Despite that fact, the baby is just fussy. Has been for a few days. I am not sure what is different all of a sudden? Maybe he is just a fussy baby. I really have no idea. I am trying to tune into his needs but it is really *really* hard when he is screaming his fool head off, and refusing food, pacifier, swing, bouncy, rocking, cuddling, etc. Is he gassy? Does he have reflux? Not getting enough food at one time? Is he tired? Overstimulated? Bored? I am just bumbling through this. It's even harder on Brian, who really has no clue what a baby is and each time Drake cries, I can see how frantic Brian gets... the baby's cries are just the right pitch to grate on Brian's every nerve. Poor guy.

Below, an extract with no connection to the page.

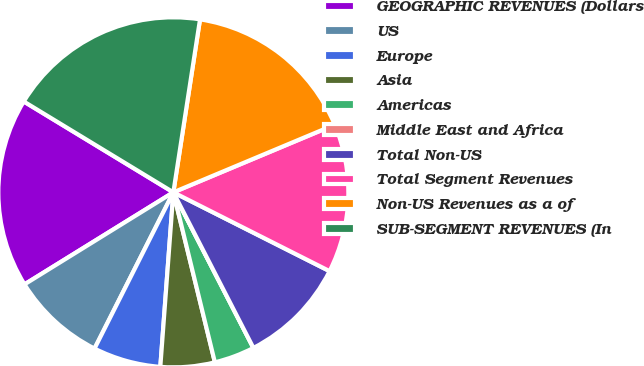Convert chart. <chart><loc_0><loc_0><loc_500><loc_500><pie_chart><fcel>GEOGRAPHIC REVENUES (Dollars<fcel>US<fcel>Europe<fcel>Asia<fcel>Americas<fcel>Middle East and Africa<fcel>Total Non-US<fcel>Total Segment Revenues<fcel>Non-US Revenues as a of<fcel>SUB-SEGMENT REVENUES (In<nl><fcel>17.5%<fcel>8.75%<fcel>6.25%<fcel>5.0%<fcel>3.75%<fcel>0.0%<fcel>10.0%<fcel>13.75%<fcel>16.25%<fcel>18.75%<nl></chart>

But I really really really can't do this alone, so Brian will just have to learn to cope, same as me. Thank God for Xanax

I'm not in any pain really from the surgery any more, which is good. I keep taking my Motrin and I never got my Percocet refilled. Once they took my staples out, I didn't need it any more. Stupid staples, flesh was not meant to be held together by metal. Although, the nurse gave me the best compliment, she said that my stomach was way flatter than hers was, and she delivered vaginally, and her baby wasn't as big as mine was! They were also impressed with how tiny my incision was, considering how big headed large Drake was/is. I still haven't seen my incision/scar. I can feel the scar tissue, and when I am able to resume normal activities, I am going to massage the area. Massaging even 5 minutes a day can drastically improve the appearance of scar tissue... trust me. I did it on my ankle. One side looks awful and painful, the other side looks like nothing is even there.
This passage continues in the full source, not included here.